Click the star to add/remove an item to/from your individual schedule.
You need to be logged in to avail of this functionality, and to see the links to virtual rooms.

Accepted Paper:

Fears of the middle class: the push for state punitivism and criminalisation to address economic insecurity in post-dictatorial Uruguay  
Marlen Ott (Universität Kassel)

Send message to Author

Paper short abstract:

The increasing practices of private security, criminalisation, and support for punitivism by middle class citizens must be understood in the context of economic insecurity and neoliberalisation, as well as the historical displacement of a politicised notion of class during the Uruguayan dictatorship

Paper long abstract:

In recent decades, heated debates have erupted in Uruguay over the issue of (in-)security.

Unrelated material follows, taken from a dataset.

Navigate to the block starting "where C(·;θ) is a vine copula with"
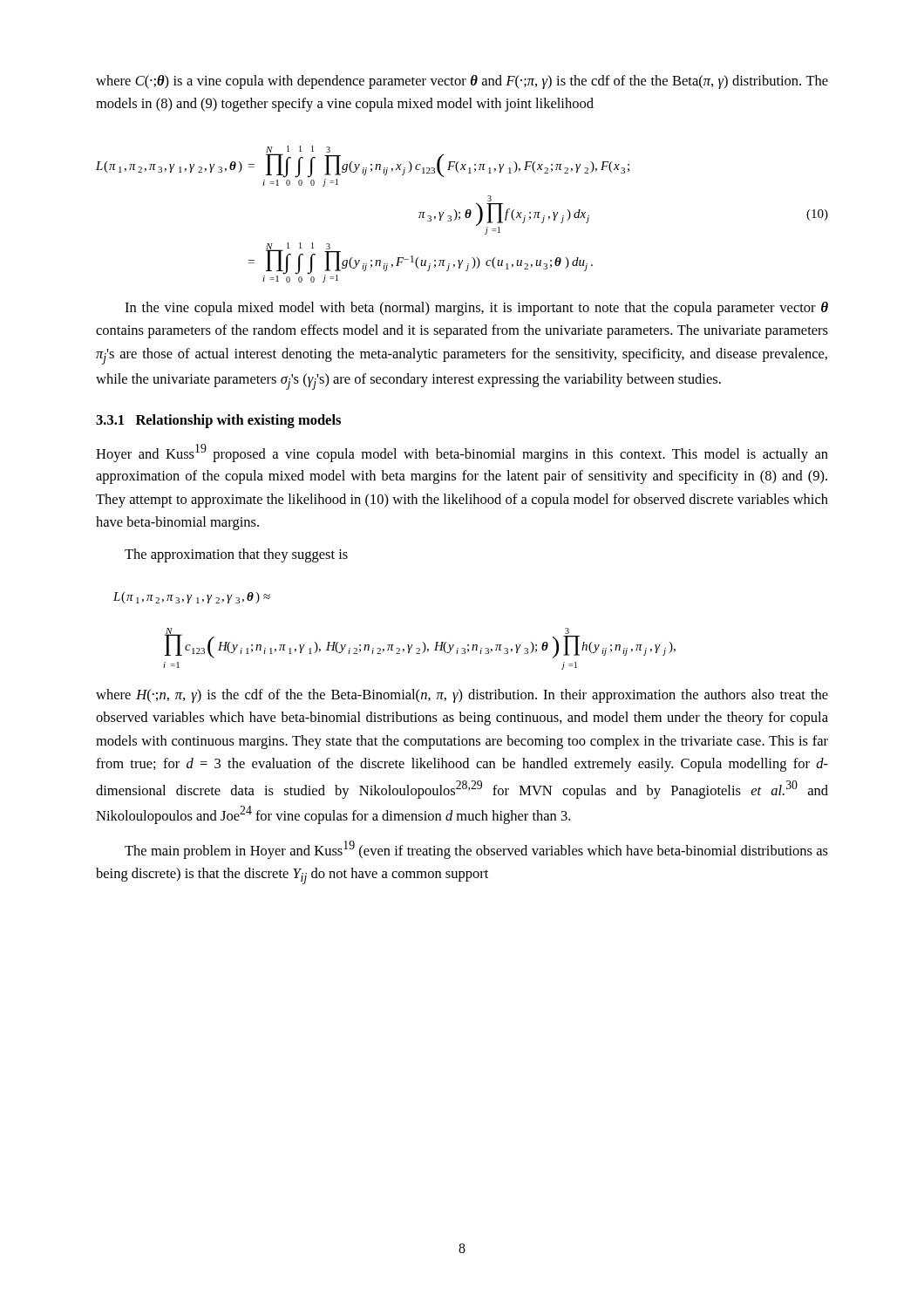The image size is (924, 1308). pos(462,92)
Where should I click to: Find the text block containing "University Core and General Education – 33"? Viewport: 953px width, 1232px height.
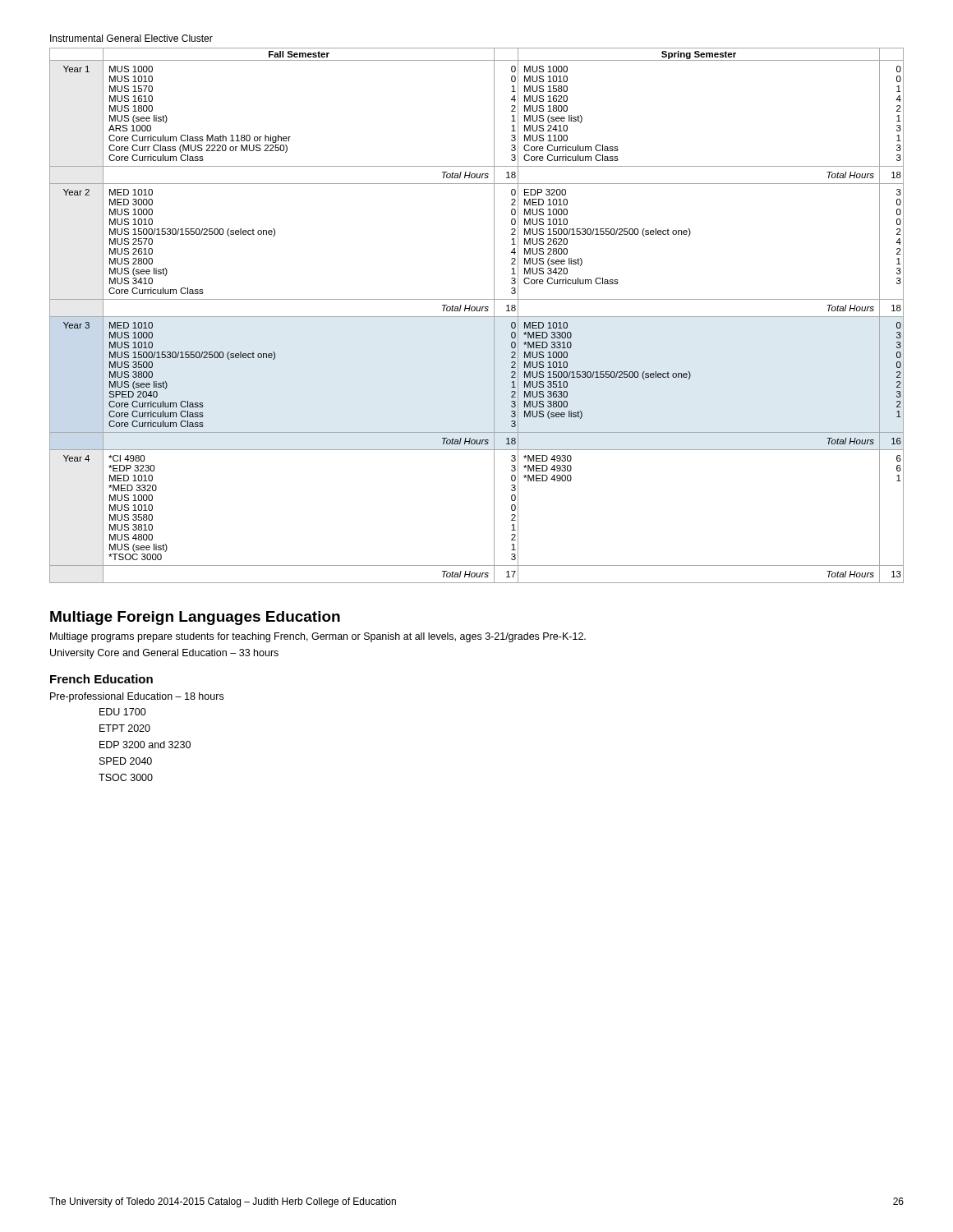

The state's response to rising crime and the perceived sense of insecurity has been punitive: increased penalties and the introduction of criminal offenses have led to a steady rise in incarceration. Support for these measures has been particularly strong among the middle class, which has faced increasing precarity and economic insecurity. In the country that has long prided itself on its broad middle class, more and more people are experiencing the effects of neoliberalisation and are living with the constant fear of slipping into what has become known as new poverty. Today, middle class has become a fragile, and insecure category, often based on debt and an identity that can easily be lost when one is associated with marginality. By drawing on ethnographic fieldwork my paper argues that the increasing practices of private security, discursive criminalisation along lines of race, class, and territory, and support for and demand of state punitivism by people describing themselves as middle class must be understood in this context of economic insecurity.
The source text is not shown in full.